==== Extracted information ====

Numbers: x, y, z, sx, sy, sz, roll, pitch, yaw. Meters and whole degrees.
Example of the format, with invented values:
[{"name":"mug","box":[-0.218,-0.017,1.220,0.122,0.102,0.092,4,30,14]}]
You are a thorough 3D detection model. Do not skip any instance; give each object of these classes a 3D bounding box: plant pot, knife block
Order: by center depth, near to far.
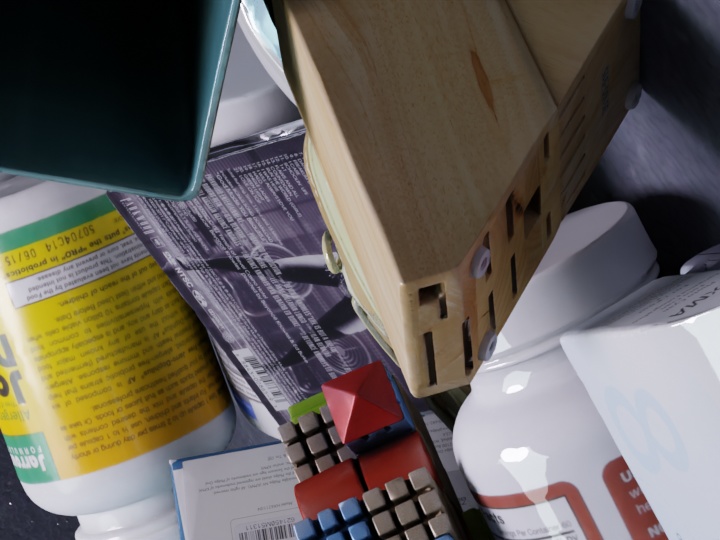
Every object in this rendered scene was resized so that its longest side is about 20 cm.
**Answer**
[{"name":"knife block","box":[-0.001,-0.074,0.756,0.175,0.200,0.064,20,148,21]},{"name":"plant pot","box":[-0.112,-0.147,0.788,0.200,0.141,0.142,-94,16,-55]}]

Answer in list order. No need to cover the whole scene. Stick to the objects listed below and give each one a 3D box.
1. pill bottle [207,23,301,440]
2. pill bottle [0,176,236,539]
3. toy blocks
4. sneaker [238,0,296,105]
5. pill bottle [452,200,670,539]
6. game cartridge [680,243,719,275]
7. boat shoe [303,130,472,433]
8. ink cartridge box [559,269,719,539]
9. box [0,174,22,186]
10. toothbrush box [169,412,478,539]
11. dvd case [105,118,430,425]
[{"name":"pill bottle","box":[-0.032,-0.026,1.041,0.114,0.114,0.200,43,157,48]},{"name":"pill bottle","box":[-0.127,0.049,1.088,0.201,0.112,0.113,71,163,-9]},{"name":"toy blocks","box":[0.019,0.117,0.834,0.137,0.100,0.201,58,-171,-71]},{"name":"sneaker","box":[-0.020,-0.138,0.874,0.201,0.074,0.082,64,169,-13]},{"name":"pill bottle","box":[0.103,0.082,0.808,0.201,0.112,0.112,63,165,-9]},{"name":"game cartridge","box":[0.172,0.050,0.673,0.134,0.040,0.200,66,165,-6]},{"name":"boat shoe","box":[0.030,0.008,0.865,0.063,0.073,0.201,7,144,49]},{"name":"ink cartridge box","box":[0.145,0.077,0.655,0.161,0.047,0.200,62,167,-4]},{"name":"box","box":[-0.172,-0.122,1.142,0.131,0.198,0.200,57,164,22]},{"name":"toothbrush box","box":[0.001,0.148,1.022,0.200,0.146,0.086,83,177,-64]},{"name":"dvd case","box":[0.000,0.000,0.942,0.200,0.016,0.149,-13,121,43]}]

====

> **Exercise objective**
Would you set down the records above once more, exactly, with the pictures removed?

> **Output of the task**
Numbers: x, y, z, sx, sy, sz, roll, pitch, yaw. Meters and whole degrees.
Example of the format, with invented values:
[{"name":"mug","box":[-0.218,-0.017,1.220,0.122,0.102,0.092,4,30,14]}]
You are a thorough 3D detection model. Do not skip any instance; give each object of these classes a 3D bounding box: plant pot, knife block
Order: by center depth, near to far.
Every object in this rendered scene was resized so that its longest side is about 20 cm.
**Answer**
[{"name":"knife block","box":[-0.001,-0.074,0.756,0.175,0.200,0.064,20,148,21]},{"name":"plant pot","box":[-0.112,-0.147,0.788,0.200,0.141,0.142,-94,16,-55]}]

Answer in list order. No need to cover the whole scene. Stick to the objects listed below and give each one a 3D box.
1. pill bottle [207,23,301,440]
2. pill bottle [0,176,236,539]
3. toy blocks
4. sneaker [238,0,296,105]
5. pill bottle [452,200,670,539]
6. game cartridge [680,243,719,275]
7. boat shoe [303,130,472,433]
8. ink cartridge box [559,269,719,539]
9. box [0,174,22,186]
10. toothbrush box [169,412,478,539]
11. dvd case [105,118,430,425]
[{"name":"pill bottle","box":[-0.032,-0.026,1.041,0.114,0.114,0.200,43,157,48]},{"name":"pill bottle","box":[-0.127,0.049,1.088,0.201,0.112,0.113,71,163,-9]},{"name":"toy blocks","box":[0.019,0.117,0.834,0.137,0.100,0.201,58,-171,-71]},{"name":"sneaker","box":[-0.020,-0.138,0.874,0.201,0.074,0.082,64,169,-13]},{"name":"pill bottle","box":[0.103,0.082,0.808,0.201,0.112,0.112,63,165,-9]},{"name":"game cartridge","box":[0.172,0.050,0.673,0.134,0.040,0.200,66,165,-6]},{"name":"boat shoe","box":[0.030,0.008,0.865,0.063,0.073,0.201,7,144,49]},{"name":"ink cartridge box","box":[0.145,0.077,0.655,0.161,0.047,0.200,62,167,-4]},{"name":"box","box":[-0.172,-0.122,1.142,0.131,0.198,0.200,57,164,22]},{"name":"toothbrush box","box":[0.001,0.148,1.022,0.200,0.146,0.086,83,177,-64]},{"name":"dvd case","box":[0.000,0.000,0.942,0.200,0.016,0.149,-13,121,43]}]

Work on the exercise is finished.